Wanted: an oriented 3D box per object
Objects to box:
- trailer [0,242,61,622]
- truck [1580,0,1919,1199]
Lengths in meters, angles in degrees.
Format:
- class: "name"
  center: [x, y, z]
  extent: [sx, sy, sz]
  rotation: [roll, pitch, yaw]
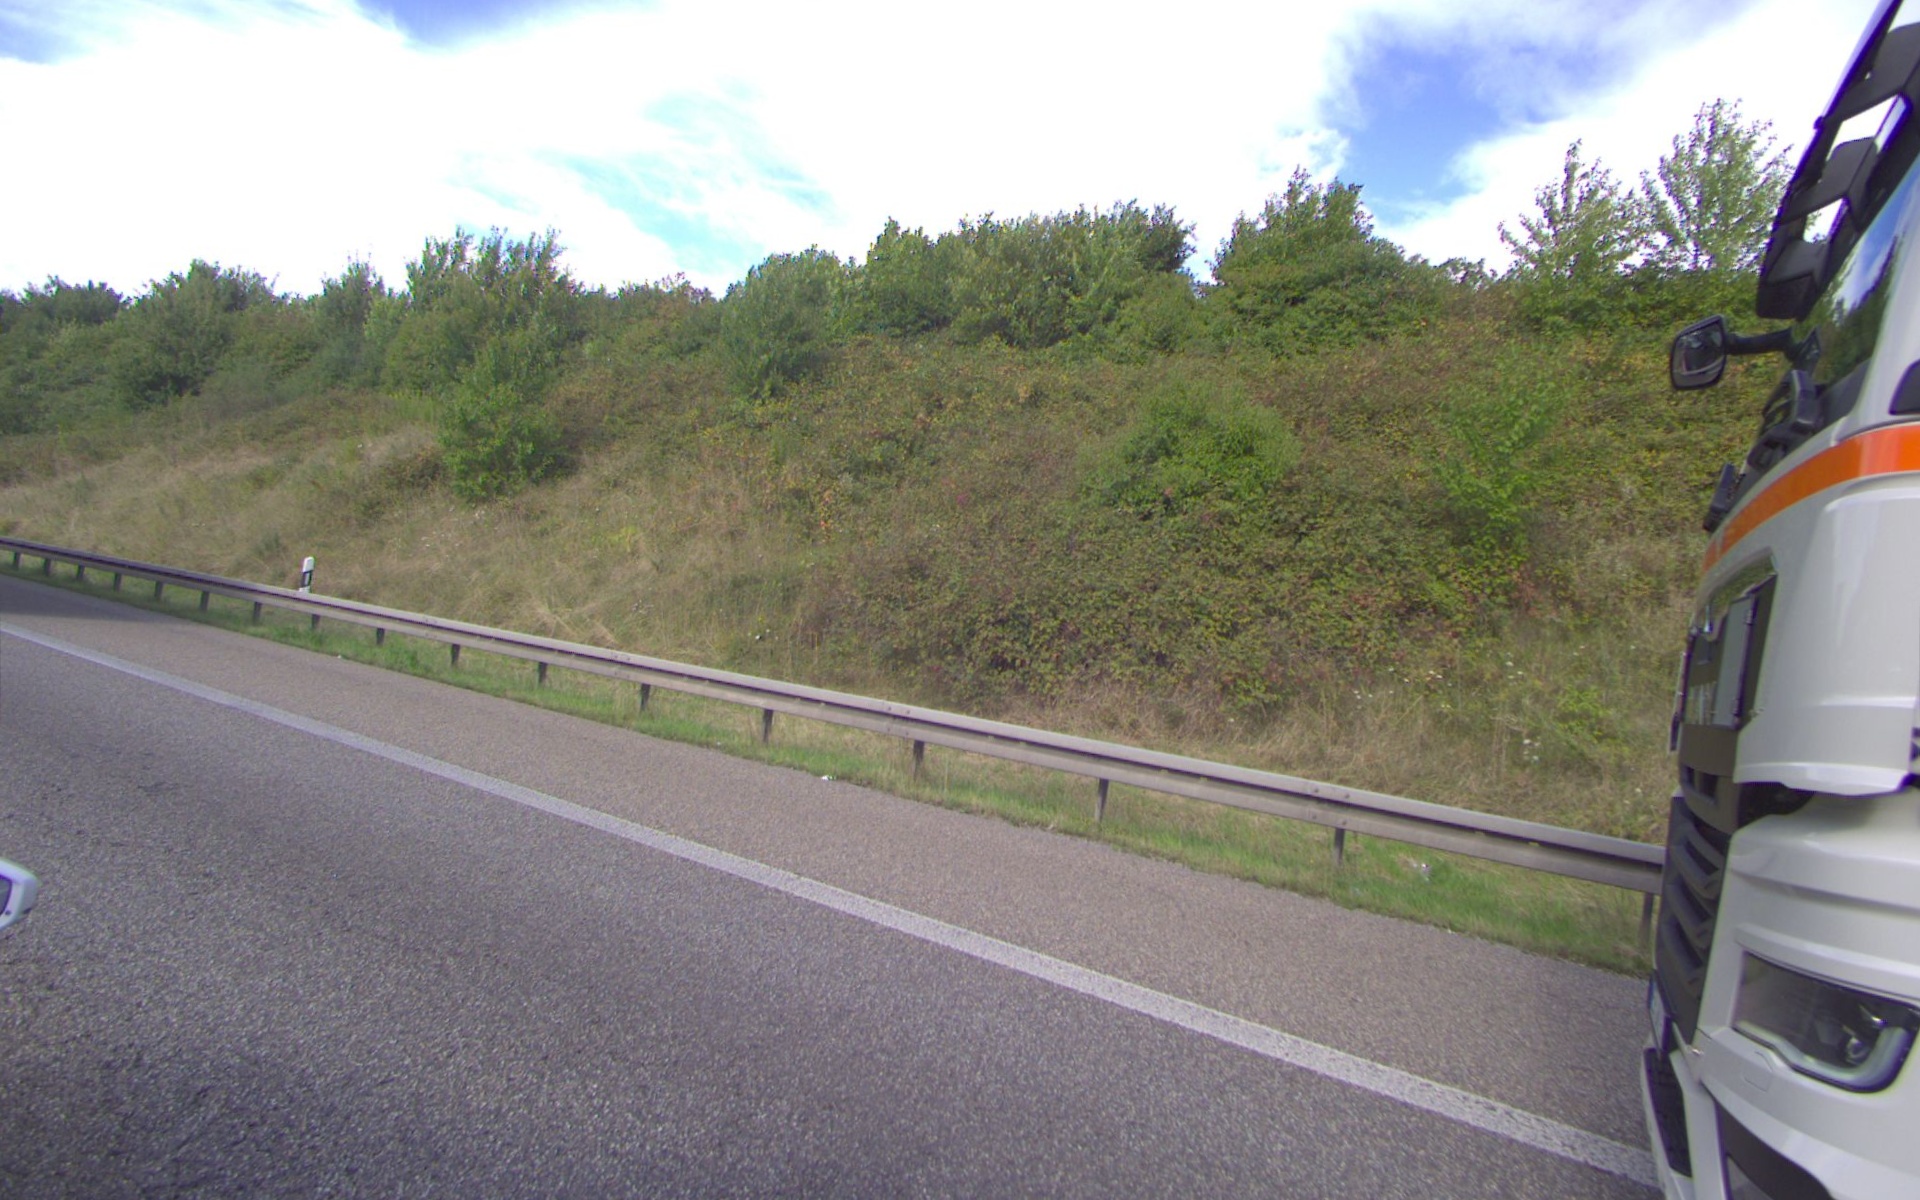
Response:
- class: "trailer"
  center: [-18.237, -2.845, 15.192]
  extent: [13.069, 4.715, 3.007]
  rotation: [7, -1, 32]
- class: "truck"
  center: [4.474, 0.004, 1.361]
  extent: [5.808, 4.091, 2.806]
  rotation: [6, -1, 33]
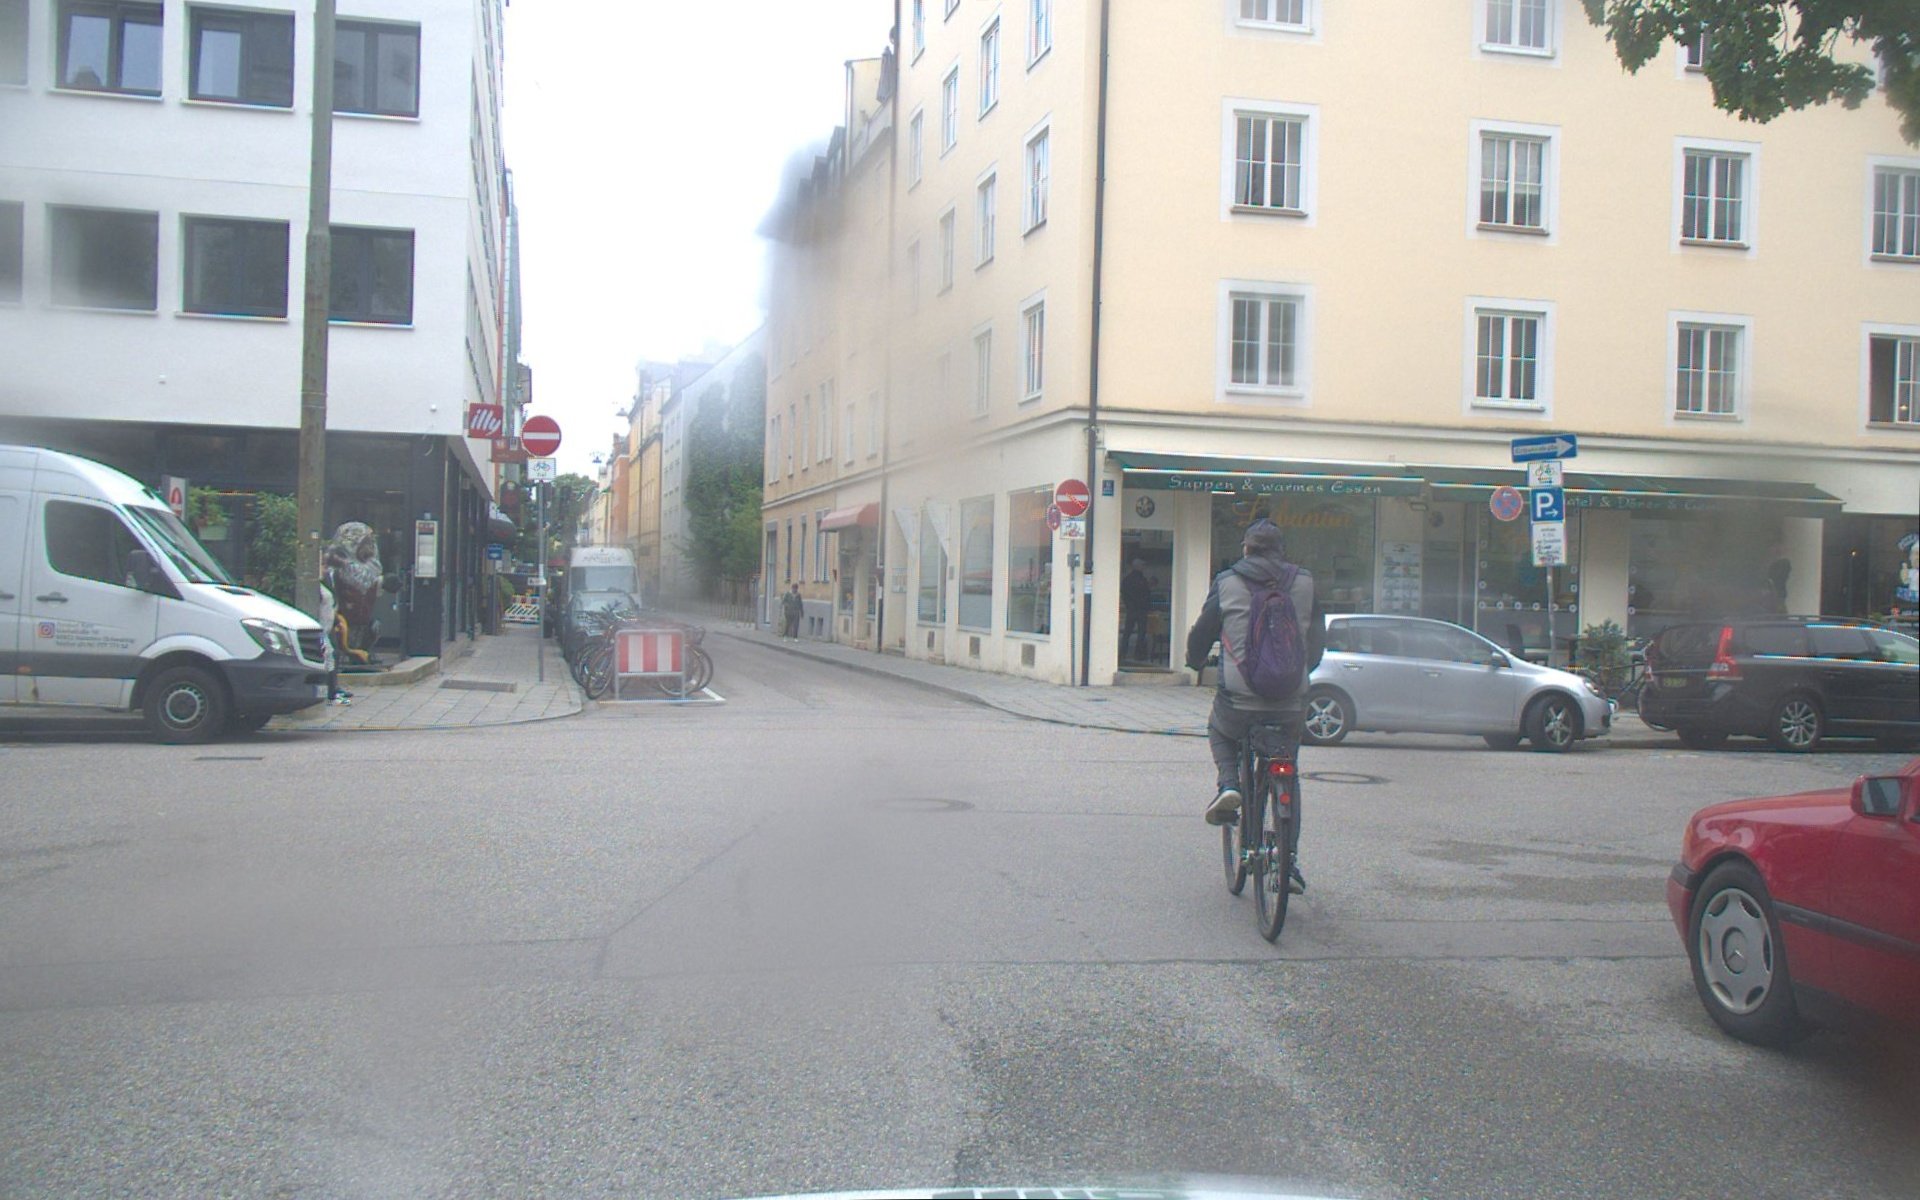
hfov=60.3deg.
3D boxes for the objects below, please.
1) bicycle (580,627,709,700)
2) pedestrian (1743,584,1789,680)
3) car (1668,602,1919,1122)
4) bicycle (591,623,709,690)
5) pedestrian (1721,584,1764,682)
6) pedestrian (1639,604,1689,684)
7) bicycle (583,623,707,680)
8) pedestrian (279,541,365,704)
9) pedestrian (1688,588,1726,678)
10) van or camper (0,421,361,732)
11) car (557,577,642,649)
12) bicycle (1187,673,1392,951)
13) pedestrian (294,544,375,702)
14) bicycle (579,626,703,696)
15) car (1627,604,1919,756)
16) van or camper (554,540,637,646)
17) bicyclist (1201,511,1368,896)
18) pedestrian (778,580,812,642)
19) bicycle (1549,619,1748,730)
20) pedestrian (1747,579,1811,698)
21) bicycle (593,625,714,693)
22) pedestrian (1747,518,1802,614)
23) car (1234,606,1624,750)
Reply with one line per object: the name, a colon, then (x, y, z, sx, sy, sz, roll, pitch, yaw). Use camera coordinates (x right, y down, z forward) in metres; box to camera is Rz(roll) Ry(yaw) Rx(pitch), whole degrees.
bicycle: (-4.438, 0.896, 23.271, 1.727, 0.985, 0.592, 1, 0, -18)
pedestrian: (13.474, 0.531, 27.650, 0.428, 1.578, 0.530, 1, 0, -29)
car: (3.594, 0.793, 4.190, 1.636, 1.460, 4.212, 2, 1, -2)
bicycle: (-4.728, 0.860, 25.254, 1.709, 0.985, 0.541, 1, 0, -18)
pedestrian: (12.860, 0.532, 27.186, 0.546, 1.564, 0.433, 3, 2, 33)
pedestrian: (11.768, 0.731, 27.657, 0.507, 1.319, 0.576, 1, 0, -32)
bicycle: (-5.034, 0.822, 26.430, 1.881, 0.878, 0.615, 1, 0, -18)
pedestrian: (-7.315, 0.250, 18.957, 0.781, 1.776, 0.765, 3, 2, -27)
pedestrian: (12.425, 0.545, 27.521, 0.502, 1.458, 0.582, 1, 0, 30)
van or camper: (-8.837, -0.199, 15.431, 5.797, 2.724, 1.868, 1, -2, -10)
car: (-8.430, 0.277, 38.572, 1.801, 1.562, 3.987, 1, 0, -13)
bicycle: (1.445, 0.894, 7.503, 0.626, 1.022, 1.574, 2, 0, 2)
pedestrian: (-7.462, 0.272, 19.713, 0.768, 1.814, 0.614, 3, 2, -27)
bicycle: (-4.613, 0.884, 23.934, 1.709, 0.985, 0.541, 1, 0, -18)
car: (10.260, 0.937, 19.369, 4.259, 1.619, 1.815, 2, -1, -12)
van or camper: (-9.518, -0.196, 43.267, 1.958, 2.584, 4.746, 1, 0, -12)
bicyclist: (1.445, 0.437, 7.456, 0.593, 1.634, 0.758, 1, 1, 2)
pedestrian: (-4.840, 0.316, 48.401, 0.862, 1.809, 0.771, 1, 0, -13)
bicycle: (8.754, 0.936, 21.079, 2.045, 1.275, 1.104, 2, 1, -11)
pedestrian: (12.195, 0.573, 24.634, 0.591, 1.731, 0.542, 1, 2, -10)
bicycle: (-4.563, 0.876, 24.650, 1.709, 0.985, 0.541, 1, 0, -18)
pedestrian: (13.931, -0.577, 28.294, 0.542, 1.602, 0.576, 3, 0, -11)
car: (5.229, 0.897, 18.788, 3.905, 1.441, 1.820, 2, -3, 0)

(GOAL OF THE EXERCISE) Return the stretch of data that begins with the line showing "- truck [1580,0,1919,1199]" and goes on through the line showing "hfov=60.3deg.", exactly, with pictures removed.

(TASK SOLUTION)
- truck [1580,0,1919,1199]
Lengths in meters, angles in degrees.
Format:
- class: "name"
  center: [x, y, z]
  extent: [sx, sy, sz]
  rotation: [roll, pitch, yaw]
Response:
- class: "trailer"
  center: [-18.237, -2.845, 15.192]
  extent: [13.069, 4.715, 3.007]
  rotation: [7, -1, 32]
- class: "truck"
  center: [4.474, 0.004, 1.361]
  extent: [5.808, 4.091, 2.806]
  rotation: [6, -1, 33]
hfov=60.3deg.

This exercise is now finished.